Updated on 03.25.12

Hit Thrift Shops and Secondhand Shops in Upscale Neighborhoods (86/365)

Trent Hamm

One of my best resources for finding new clothes comes from going to the nicest neighborhoods in a metro area (in my case, usually Des Moines) and finding the nearest Goodwill or other secondhand clothing shop. That’s where I begin almost all of my clothes shopping.

Why do it this way? Simply put, people in nice neighborhoods seem to be far more likely to get rid of items for very minor reasons than people in other areas, and like most of us, they’ll simply find the closest place to drop those items. Thrift shops and secondhand shops in upscale neighborhoods are the beneficiaries of this, and they’re often loaded with wonderful items.

Hit Thrift Shops and Secondhand Shops in Upscale Neighborhoods (86/365)

Here are some tactics for getting the most out of these stores.

First, do some scouting. If you go to the Goodwill closest to the nicest neighborhood in your area and it doesn’t suit you, it does not mean this entire idea doesn’t work. Thrift stores and secondhand stores often operate on widely varying policies.

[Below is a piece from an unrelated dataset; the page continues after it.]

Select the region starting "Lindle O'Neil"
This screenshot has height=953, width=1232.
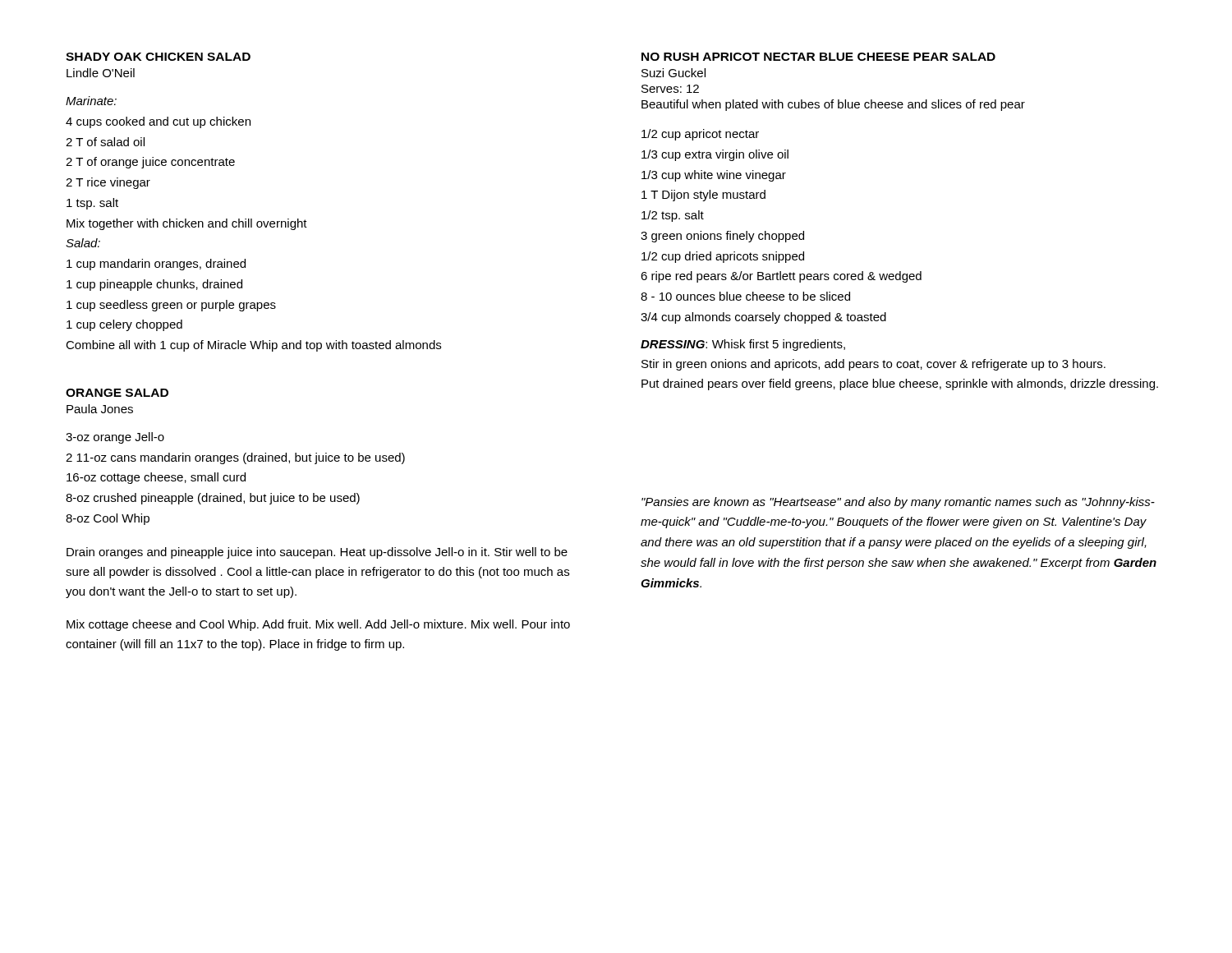[100, 73]
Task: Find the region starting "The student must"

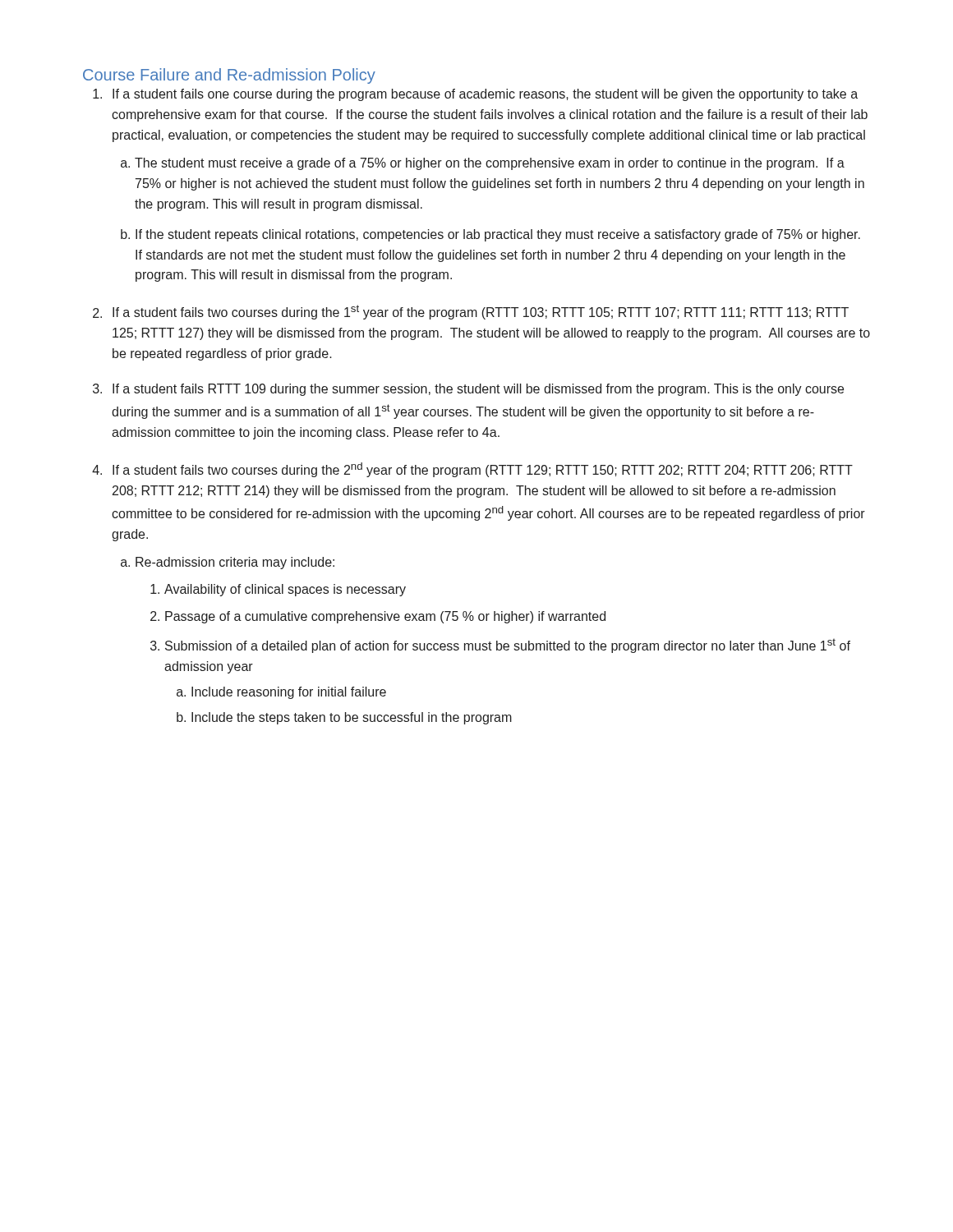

Start with that store in the relatively ideal location, but cast your net a bit wider. Look at all of the thrift shops near (or within) most of the nicer neighborhoods in your area.

What are you looking for? You’re looking for good quality and low prices. Finding a thrift shop or a secondhand store with a great balance of the two is well worth your time and effort, because it will be something you can draw on for a long time.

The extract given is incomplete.